Sucedió que debido a su torpeza política, Enrique Peña Nieto mostró sus cartas demasiado rápido. Entre la maraña que incluye la casa blanca, las prebendas al Grupo Higa, la cancelación de la vía Querétaro – México, los guiones de televisa, se repiten nombres como Hank Rhon y Salinas de Gortari. La cancelación del proyecto con los chinos es el resultado de un esquema fallido desde el origen.

Entonces, la conclusión: además de enfrentar los problemas inherentes que enfrenta cualquier presidente de cualquier república del mundo, el presidente de México, sin que nadie lo apure, se pone trabas, se inventa líos, se regala a sus críticos y se expone a que muy pocos lo tomen en serio.

A Enrique Peña Nieto no le importa ni le importará el destino de la gran mayoría de los mexicanos. Es, contrario al gran hombre universal del cual hablaron los filósofos del Siglo de las Luces, demasiado pequeño para que le importe. El problema, el verdadero problema, es que esa pequeñez tampoco le deja dar el ancho para cumplir su propia pequeña visión de lo que debe ser México. Es la paradoja del México actual: Peña Nieto, el gran reformador que insertaría al país en la modernidad globalizada, es hoy el principal lastre para que el país se inserte en el moderno mundo globalizado.

[1]El gobierno de Peña Nieto, y los grupos que lo sostienen, aseguran que cumplen con los preceptos originales del General Cárdenas: convertir a México en un país respetado y respetable. Ese análisis original no es del todo descabellado. Se equivocan de forma rotunda quienes critican las reformas de Peña Nieto comparándolas negativamente con la nacionalización petrolera de Lázaro Cárdenas: ambos momentos históricos son incomparables. En la década del 30 el modelo imperante en la economía mundial, básicamente proteccionista y, al menos en América Latina, preindustrializado y primarioexportador, distaba años luz de la economía neoliberal abierta de hoy. Lo que en su momento fue una solución práctica e incuestionable, la nacionalización total de la explotación petrolera, hoy no tendría por qué serlo, y es legítimo que las actuales generaciones de mandatarios busquen nuevas respuestas a los nuevos desafíos del mundo actual. Hoy, seguramente, el propio General Cárdenas sería de los primeros en comprender que un país cerrado sobre sí mismo, ensimismado en su propia historia, que cita y descontextualiza hechos ocurridos hace casi un siglo, que convierte los símbolos en lastres, estaría condenado al fracaso.

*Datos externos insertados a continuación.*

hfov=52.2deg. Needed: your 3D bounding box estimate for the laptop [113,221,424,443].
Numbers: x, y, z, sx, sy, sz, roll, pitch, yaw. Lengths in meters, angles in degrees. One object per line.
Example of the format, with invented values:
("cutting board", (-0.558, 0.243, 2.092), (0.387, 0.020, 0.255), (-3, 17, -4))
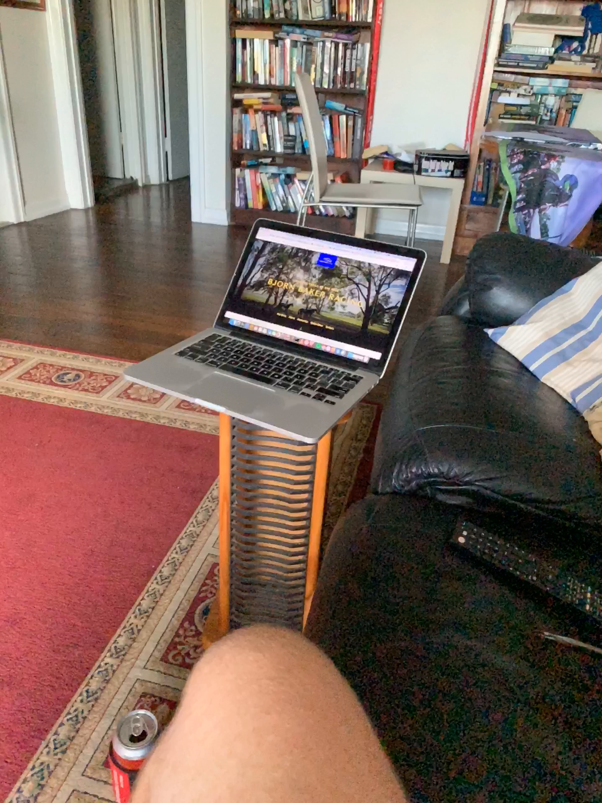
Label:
("laptop", (-0.032, -0.132, 0.905), (0.313, 0.160, 0.341), (18, 31, 24))
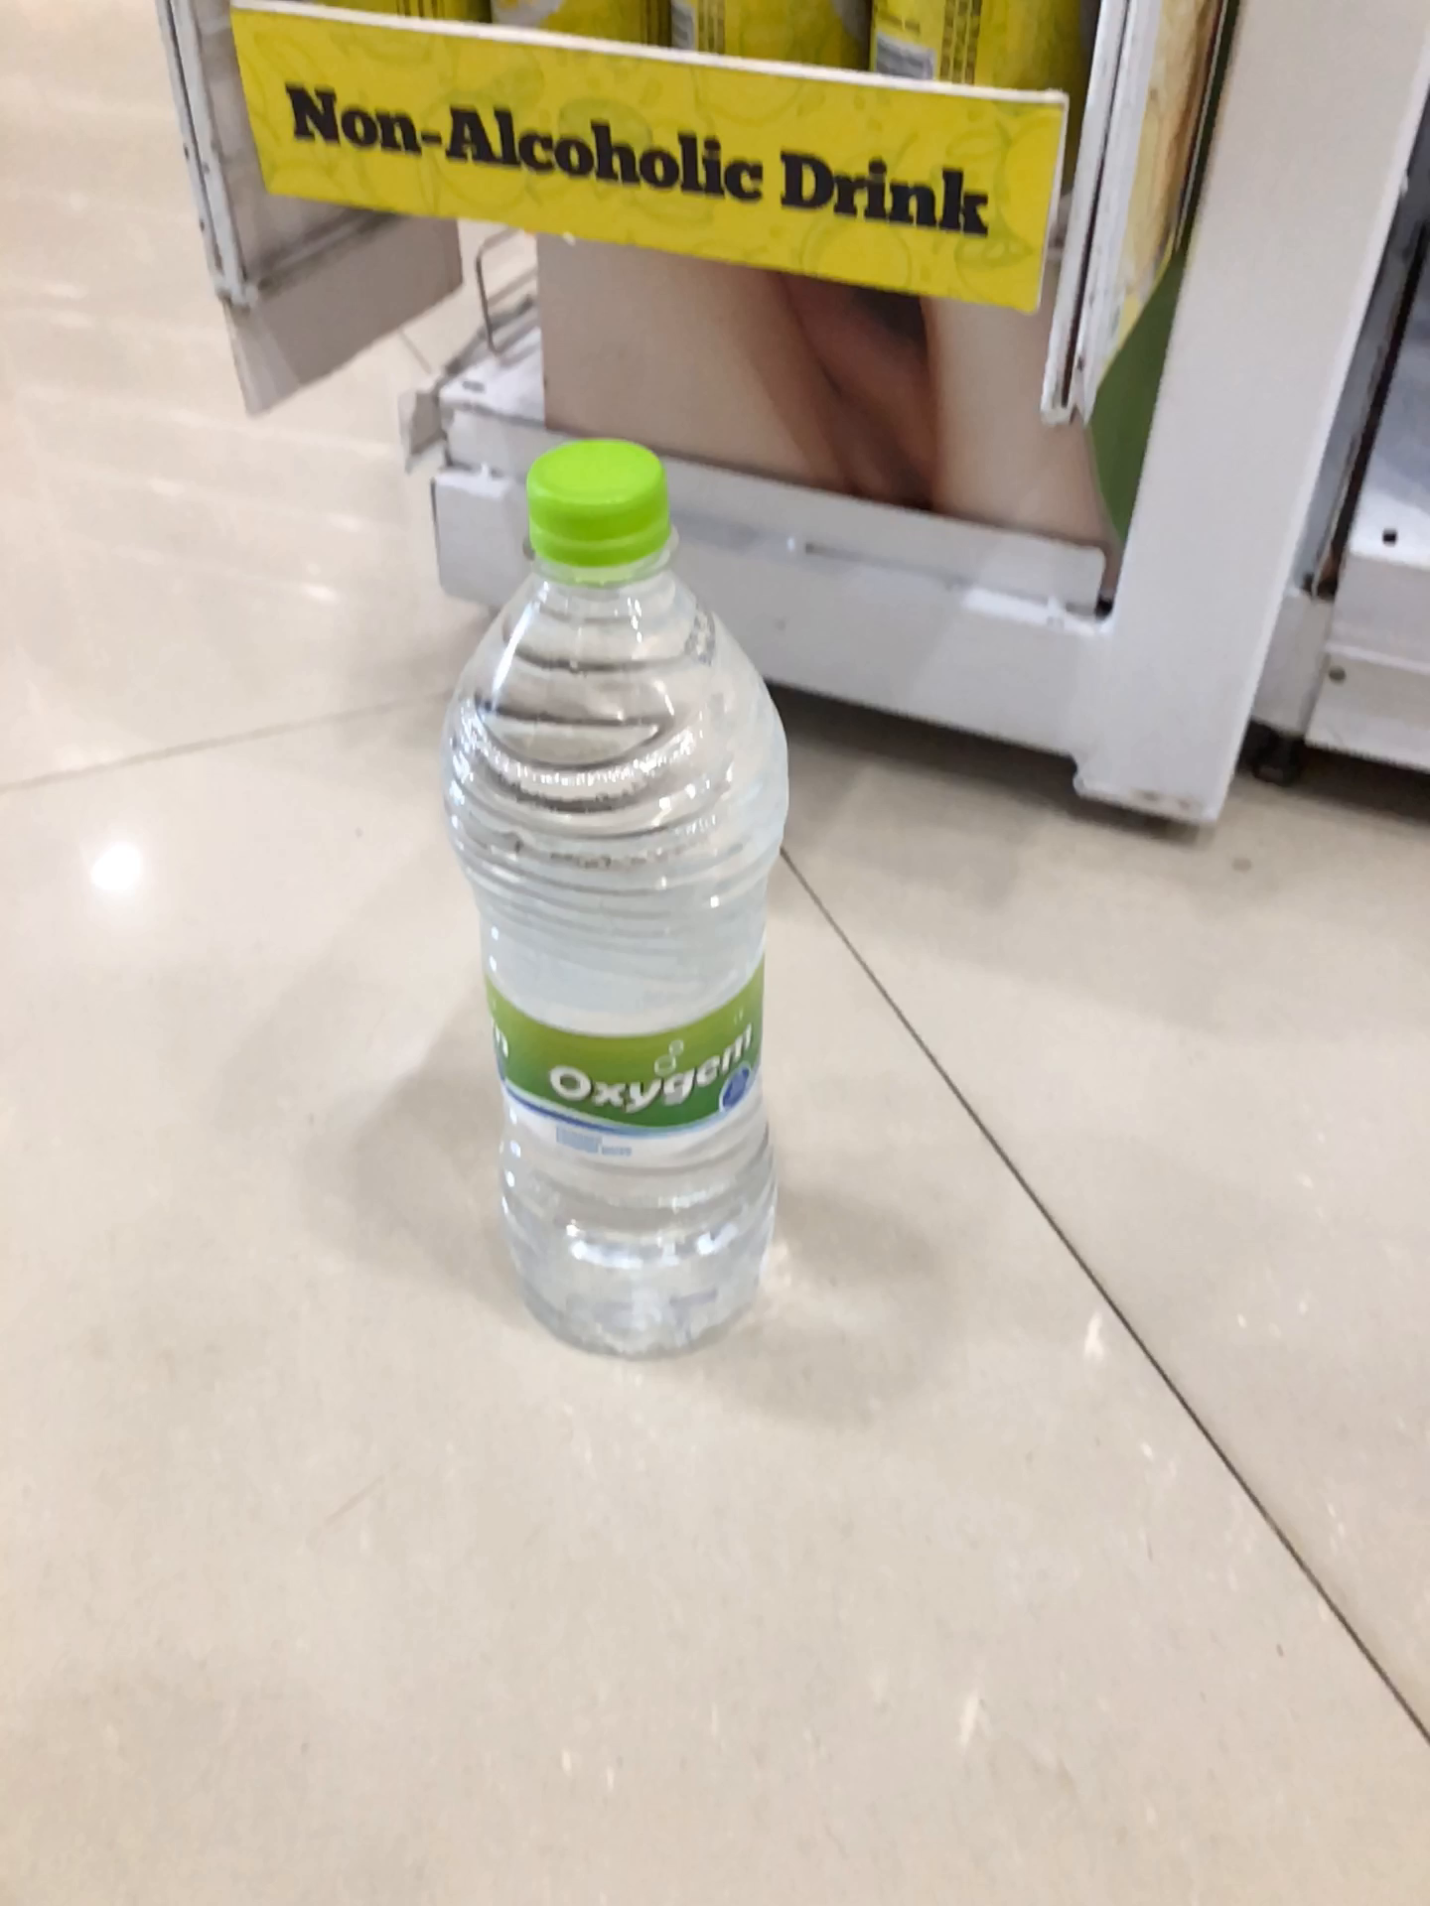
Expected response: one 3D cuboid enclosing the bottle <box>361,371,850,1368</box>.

[2] China es hoy la principal potencia económica del mundo y así seguirá por largo rato. Perder la confianza de la primera potencia mundial es lisa y llanamente un suicidio económico, y Peña Nieto casi lo logra. Por su parte, Chile no pesa demasiado en el concierto económico mundial dado su escaso territorio y el poco alcance de sus mercados, pero a la vez es considerado un país confiable dado que sigue rigurosamente las recetas promulgadas desde Estados Unidos, el FMI o el Banco Mundial. La historia enseña que nunca ha sido buena estrategia tener problemas con el alumno más aplicado del curso.

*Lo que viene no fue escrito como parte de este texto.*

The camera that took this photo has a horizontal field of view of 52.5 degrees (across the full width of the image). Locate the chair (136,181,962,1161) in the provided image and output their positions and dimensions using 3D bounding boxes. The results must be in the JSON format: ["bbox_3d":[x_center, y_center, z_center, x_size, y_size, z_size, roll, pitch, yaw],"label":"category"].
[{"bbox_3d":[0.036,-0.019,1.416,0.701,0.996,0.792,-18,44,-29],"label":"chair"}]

[3] Factor principal resulta ser su propia esposa. En medio de la crisis por Ayotzinapa la Primera Dama aparece ofendida ante quienes cuestionan su falta de probidad, casi con seguridad miente al país respecto de la adquisición de ese foco de conflicto (Enrique Krauze, socio de Televisa, negó las cifras entregadas por La gaviota como justificante) y, cuando aún no acaba el escándalo, publica su (políticamente fallido, hay que recordar) viaje a China en una revista del corazón. Ante los hechos, Angélica Rivera parece ser una criolla Lady Macbeth, sin la sofisticación del personaje original porque en este caso es Televisa y no Shakespeare quien le construye el guion.